_Work to complete_: Restate all entries exactly. Skip the images.

_Data items_:
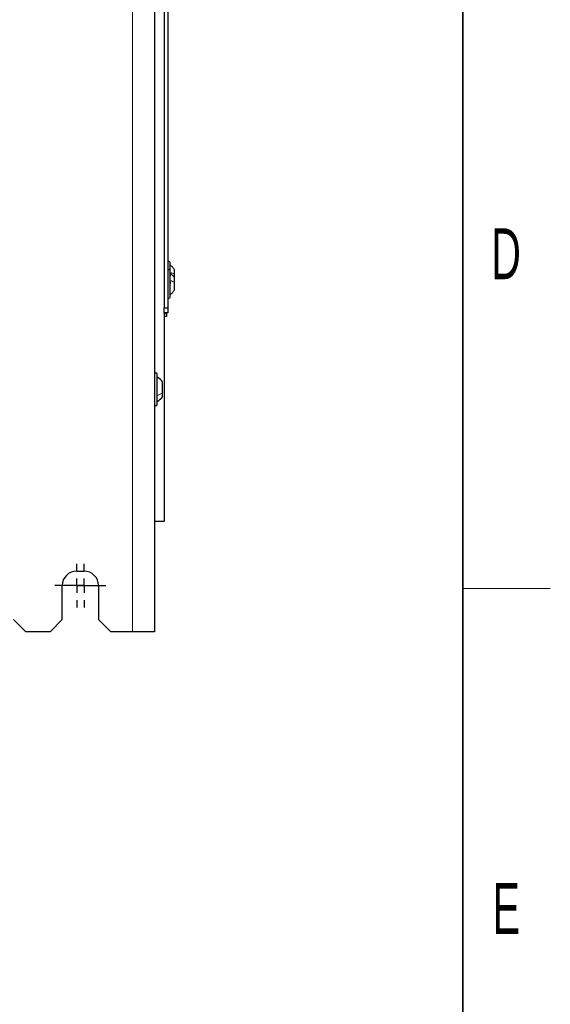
# Paper-space layout 'Blatt3' of a CAD drawing. Header units: millimetres. Extents: x 5 to 418, y 2 to 292.
# Tile 82 of 93: x 378 to 414, y 74 to 141. Entities that reach past the tile are written whole.
import ezdxf

# ---------------------------------------------------------------- set-up
doc = ezdxf.new("R2010")
doc.units = ezdxf.units.MM
doc.layers.add('SLD-0', color=7, linetype='Continuous')
doc.styles.add('SLDTEXTSTYLE0', font='TXT', dxfattribs={"width": 0.605})

# ---------------------------------------------------------------- blocks, each defined once
blk = doc.blocks.new('SW_CENTERMARKSYMBOL_19')
at = {"layer": 'SLD-0', "color": 0}
for p, q in [((0, 1), (0, 1.5)), ((-1, 0), (-1.5, 0)), ((0, 0), (-0.5, 0)), ((0, 0), (0, 0.5)), ((0, 0), (0, -0.5)), ((0, 0), (0.5, 0)), ((1, 0), (1.5, 0)), ((0, -1), (0, -1.5))]:
    blk.add_line(p, q, dxfattribs=at)
blk = doc.blocks.new('SW_CENTERMARKSYMBOL_20')
at = {"layer": 'SLD-0', "color": 0}
for p, q in [((0, 1), (0, 1.5)), ((-1, 0), (-1.5, 0)), ((0, 0), (-0.5, 0)), ((0, 0), (0, 0.5)), ((0, 0), (0, -0.5)), ((0, 0), (0.5, 0)), ((1, 0), (1.5, 0)), ((0, -1), (0, -1.5))]:
    blk.add_line(p, q, dxfattribs=at)

psp = doc.layouts.new('Blatt3')

# ---------------------------------------------------------------- linework, layer by layer
at = {"color": 7, "linetype": 'Continuous', "lineweight": 18}
psp.add_line((385.3156, 99.273), (385.3156, 260.9397), dxfattribs=at)
at = {"color": 7, "linetype": 'Continuous', "lineweight": 25}
for p, q in [((386.8156, 260.9397), (386.8156, 99.273)), ((387.4822, 158.4397), (387.4822, 121.523)), ((387.7322, 158.4397), (387.7322, 121.523)), ((387.8989, 124.073), (387.8989, 124.6397)), ((387.8989, 122.273), (387.8989, 124.073)), ((388.1906, 123.8665), (388.1906, 124.1522)), ((388.1906, 123.5847), (388.1906, 123.8665)), ((388.1906, 123.2998), (388.1906, 123.5855)), ((388.1906, 122.7605), (388.1906, 123.2998)), ((387.4822, 121.523), (387.7322, 121.523)), ((387.4822, 121.1897), (387.4822, 121.523)), ((387.7322, 121.1897), (387.4822, 121.1897)), ((387.4822, 121.1897), (387.4822, 106.8563)), ((387.4822, 121.1397), (387.6489, 121.1397)), ((387.6489, 121.1397), (387.6489, 120.9397)), ((387.7322, 121.523), (387.7322, 121.1897)), ((387.6489, 120.9397), (387.4822, 120.9397)), ((387.0156, 115.423), (387.0156, 116.973)), ((387.3656, 115.683), (387.3656, 116.453)), ((387.0156, 114.9063), (387.0156, 115.423)), ((387.3656, 115.4263), (387.3656, 115.683)), ((387.4822, 106.8563), (386.8156, 106.8563)), ((381.4822, 103.4397), (381.9822, 103.4397)), ((380.4822, 100.1063), (380.4822, 102.4397)), ((382.9822, 102.4397), (382.9822, 100.1063)), ((377.1489, 100.1063), (377.9822, 99.273)), ((379.6489, 99.273), (380.4822, 100.1063)), ((382.9822, 100.1063), (383.8156, 99.273)), ((379.6489, 99.273), (377.9822, 99.273)), ((385.3156, 99.273), (383.8156, 99.273)), ((386.8156, 99.273), (385.3156, 99.273))]:
    psp.add_line(p, q, dxfattribs=at)
for centre, radius, start, end in [((387.8156, 124.6397), 0.0833, 0, 180), ((387.8156, 124.073), 0.0833, 0, 180), ((387.8156, 122.273), 0.0833, 180, 360), ((386.9156, 116.973), 0.1, 0, 180), ((386.5177, 115.877), 1.025, 34.188104, 60.939437), ((386.5177, 116.0023), 1.025, 299.060563, 325.811896), ((386.9156, 114.9063), 0.1, 180, 360), ((381.4822, 102.4397), 1, 90, 180), ((381.9822, 102.4397), 1, 0, 90)]:
    psp.add_arc(centre, radius, start, end, dxfattribs=at)
for points, knots in [([(387.8704, 123.8775), (387.8743, 123.8767), (387.8821, 123.8749), (387.8913, 123.8626), (387.8974, 123.8435), (387.8996, 123.8188), (387.8975, 123.792), (387.8914, 123.7672), (387.8821, 123.7469), (387.8743, 123.7388), (387.8704, 123.7348)], [0, 0, 0, 0, 0.1252207, 0.2494814, 0.3743239, 0.4990613, 0.6238954, 0.7493873, 0.8744403, 1, 1, 1, 1]), ([(388.1906, 124.1522), (388.1512, 124.214), (388.0723, 124.3377), (387.9567, 124.4279), (387.8989, 124.473)], [0, 0, 0, 0, 0.4999999, 1, 1, 1, 1]), ([(388.1906, 123.5855), (388.1512, 123.6473), (388.0723, 123.771), (387.9567, 123.8612), (387.8989, 123.9063)], [0, 0, 0, 0, 0.4999999, 1, 1, 1, 1]), ([(387.8704, 123.3109), (387.8743, 123.31), (387.8821, 123.3082), (387.8913, 123.296), (387.8974, 123.2769), (387.8996, 123.2521), (387.8975, 123.2253), (387.8914, 123.2006), (387.8821, 123.1802), (387.8743, 123.1722), (387.8704, 123.1681)], [0, 0, 0, 0, 0.1252207, 0.2494814, 0.3743239, 0.4990613, 0.6238954, 0.7493873, 0.8744403, 1, 1, 1, 1]), ([(387.8989, 122.4397), (387.9567, 122.4848), (388.0723, 122.575), (388.1512, 122.6987), (388.1906, 122.7605)], [0, 0, 0, 0, 0.5000001, 1, 1, 1, 1])]:
    psp.add_open_spline(points, degree=3, knots=knots, dxfattribs=at)
at = {"color": 7, "linetype": 'Continuous', "lineweight": 18}
for points in [[(387.8989, 123.9651), (387.9567, 123.9512), (388.0723, 123.9235), (388.1512, 123.8855), (388.1906, 123.8665)], [(387.8989, 123.3984), (387.9567, 123.3845), (388.0723, 123.3568), (388.1512, 123.3188), (388.1906, 123.2998)], [(387.0156, 115.523), (387.0833, 115.5445), (387.2187, 115.5876), (387.3166, 115.6512), (387.3656, 115.683)]]:
    psp.add_open_spline(points, degree=3, dxfattribs=at)
at = {"layer": 'SLD-0', "lineweight": 35}
psp.add_line((408, 12), (408, 282.5), dxfattribs=at)
at = {"layer": 'SLD-0', "lineweight": 18}
psp.add_line((408, 102.25), (414, 102.25), dxfattribs=at)

# ---------------------------------------------------------------- block references
at = {"layer": 'SLD-0', "color": 7}
for name, p in [('SW_CENTERMARKSYMBOL_20', (381.4822, 102.4397)), ('SW_CENTERMARKSYMBOL_19', (381.9822, 102.4397))]:
    psp.add_blockref(name, p, dxfattribs=at)

# ---------------------------------------------------------------- texts
at = {"layer": 'SLD-0', "char_height": 3.5, "attachment_point": 2, "style": 'SLDTEXTSTYLE0'}
for s, insert in [('D', (410.9597, 127.0011)), ('E', (410.9816, 82.0011))]:
    psp.add_mtext(s, dxfattribs=dict(at, insert=insert))

doc.saveas('drawing.dxf')

_Written response_:
# Paper-space layout 'Blatt3' of a CAD drawing. Header units: millimetres. Extents: x 5 to 418, y 2 to 292.
# Tile 82 of 93: x 378 to 414, y 74 to 141. Entities that reach past the tile are written whole.
import ezdxf

# ---------------------------------------------------------------- set-up
doc = ezdxf.new("R2010")
doc.units = ezdxf.units.MM
doc.layers.add('SLD-0', color=7, linetype='Continuous')
doc.styles.add('SLDTEXTSTYLE0', font='TXT', dxfattribs={"width": 0.605})

# ---------------------------------------------------------------- blocks, each defined once
blk = doc.blocks.new('SW_CENTERMARKSYMBOL_19')
at = {"layer": 'SLD-0', "color": 0}
for p, q in [((0, 1), (0, 1.5)), ((-1, 0), (-1.5, 0)), ((0, 0), (-0.5, 0)), ((0, 0), (0, 0.5)), ((0, 0), (0, -0.5)), ((0, 0), (0.5, 0)), ((1, 0), (1.5, 0)), ((0, -1), (0, -1.5))]:
    blk.add_line(p, q, dxfattribs=at)
blk = doc.blocks.new('SW_CENTERMARKSYMBOL_20')
at = {"layer": 'SLD-0', "color": 0}
for p, q in [((0, 1), (0, 1.5)), ((-1, 0), (-1.5, 0)), ((0, 0), (-0.5, 0)), ((0, 0), (0, 0.5)), ((0, 0), (0, -0.5)), ((0, 0), (0.5, 0)), ((1, 0), (1.5, 0)), ((0, -1), (0, -1.5))]:
    blk.add_line(p, q, dxfattribs=at)

psp = doc.layouts.new('Blatt3')

# ---------------------------------------------------------------- linework, layer by layer
at = {"color": 7, "linetype": 'Continuous', "lineweight": 18}
psp.add_line((385.3156, 99.273), (385.3156, 260.9397), dxfattribs=at)
at = {"color": 7, "linetype": 'Continuous', "lineweight": 25}
for p, q in [((386.8156, 260.9397), (386.8156, 99.273)), ((387.4822, 158.4397), (387.4822, 121.523)), ((387.7322, 158.4397), (387.7322, 121.523)), ((387.8989, 124.073), (387.8989, 124.6397)), ((387.8989, 122.273), (387.8989, 124.073)), ((388.1906, 123.8665), (388.1906, 124.1522)), ((388.1906, 123.5847), (388.1906, 123.8665)), ((388.1906, 123.2998), (388.1906, 123.5855)), ((388.1906, 122.7605), (388.1906, 123.2998)), ((387.4822, 121.523), (387.7322, 121.523)), ((387.4822, 121.1897), (387.4822, 121.523)), ((387.7322, 121.1897), (387.4822, 121.1897)), ((387.4822, 121.1897), (387.4822, 106.8563)), ((387.4822, 121.1397), (387.6489, 121.1397)), ((387.6489, 121.1397), (387.6489, 120.9397)), ((387.7322, 121.523), (387.7322, 121.1897)), ((387.6489, 120.9397), (387.4822, 120.9397)), ((387.0156, 115.423), (387.0156, 116.973)), ((387.3656, 115.683), (387.3656, 116.453)), ((387.0156, 114.9063), (387.0156, 115.423)), ((387.3656, 115.4263), (387.3656, 115.683)), ((387.4822, 106.8563), (386.8156, 106.8563)), ((381.4822, 103.4397), (381.9822, 103.4397)), ((380.4822, 100.1063), (380.4822, 102.4397)), ((382.9822, 102.4397), (382.9822, 100.1063)), ((377.1489, 100.1063), (377.9822, 99.273)), ((379.6489, 99.273), (380.4822, 100.1063)), ((382.9822, 100.1063), (383.8156, 99.273)), ((379.6489, 99.273), (377.9822, 99.273)), ((385.3156, 99.273), (383.8156, 99.273)), ((386.8156, 99.273), (385.3156, 99.273))]:
    psp.add_line(p, q, dxfattribs=at)
for centre, radius, start, end in [((387.8156, 124.6397), 0.0833, 0, 180), ((387.8156, 124.073), 0.0833, 0, 180), ((387.8156, 122.273), 0.0833, 180, 360), ((386.9156, 116.973), 0.1, 0, 180), ((386.5177, 115.877), 1.025, 34.188104, 60.939437), ((386.5177, 116.0023), 1.025, 299.060563, 325.811896), ((386.9156, 114.9063), 0.1, 180, 360), ((381.4822, 102.4397), 1, 90, 180), ((381.9822, 102.4397), 1, 0, 90)]:
    psp.add_arc(centre, radius, start, end, dxfattribs=at)
for points, knots in [([(387.8704, 123.8775), (387.8743, 123.8767), (387.8821, 123.8749), (387.8913, 123.8626), (387.8974, 123.8435), (387.8996, 123.8188), (387.8975, 123.792), (387.8914, 123.7672), (387.8821, 123.7469), (387.8743, 123.7388), (387.8704, 123.7348)], [0, 0, 0, 0, 0.1252207, 0.2494814, 0.3743239, 0.4990613, 0.6238954, 0.7493873, 0.8744403, 1, 1, 1, 1]), ([(388.1906, 124.1522), (388.1512, 124.214), (388.0723, 124.3377), (387.9567, 124.4279), (387.8989, 124.473)], [0, 0, 0, 0, 0.4999999, 1, 1, 1, 1]), ([(388.1906, 123.5855), (388.1512, 123.6473), (388.0723, 123.771), (387.9567, 123.8612), (387.8989, 123.9063)], [0, 0, 0, 0, 0.4999999, 1, 1, 1, 1]), ([(387.8704, 123.3109), (387.8743, 123.31), (387.8821, 123.3082), (387.8913, 123.296), (387.8974, 123.2769), (387.8996, 123.2521), (387.8975, 123.2253), (387.8914, 123.2006), (387.8821, 123.1802), (387.8743, 123.1722), (387.8704, 123.1681)], [0, 0, 0, 0, 0.1252207, 0.2494814, 0.3743239, 0.4990613, 0.6238954, 0.7493873, 0.8744403, 1, 1, 1, 1]), ([(387.8989, 122.4397), (387.9567, 122.4848), (388.0723, 122.575), (388.1512, 122.6987), (388.1906, 122.7605)], [0, 0, 0, 0, 0.5000001, 1, 1, 1, 1])]:
    psp.add_open_spline(points, degree=3, knots=knots, dxfattribs=at)
at = {"color": 7, "linetype": 'Continuous', "lineweight": 18}
for points in [[(387.8989, 123.9651), (387.9567, 123.9512), (388.0723, 123.9235), (388.1512, 123.8855), (388.1906, 123.8665)], [(387.8989, 123.3984), (387.9567, 123.3845), (388.0723, 123.3568), (388.1512, 123.3188), (388.1906, 123.2998)], [(387.0156, 115.523), (387.0833, 115.5445), (387.2187, 115.5876), (387.3166, 115.6512), (387.3656, 115.683)]]:
    psp.add_open_spline(points, degree=3, dxfattribs=at)
at = {"layer": 'SLD-0', "lineweight": 35}
psp.add_line((408, 12), (408, 282.5), dxfattribs=at)
at = {"layer": 'SLD-0', "lineweight": 18}
psp.add_line((408, 102.25), (414, 102.25), dxfattribs=at)

# ---------------------------------------------------------------- block references
at = {"layer": 'SLD-0', "color": 7}
for name, p in [('SW_CENTERMARKSYMBOL_20', (381.4822, 102.4397)), ('SW_CENTERMARKSYMBOL_19', (381.9822, 102.4397))]:
    psp.add_blockref(name, p, dxfattribs=at)

# ---------------------------------------------------------------- texts
at = {"layer": 'SLD-0', "char_height": 3.5, "attachment_point": 2, "style": 'SLDTEXTSTYLE0'}
for s, insert in [('D', (410.9597, 127.0011)), ('E', (410.9816, 82.0011))]:
    psp.add_mtext(s, dxfattribs=dict(at, insert=insert))

doc.saveas('drawing.dxf')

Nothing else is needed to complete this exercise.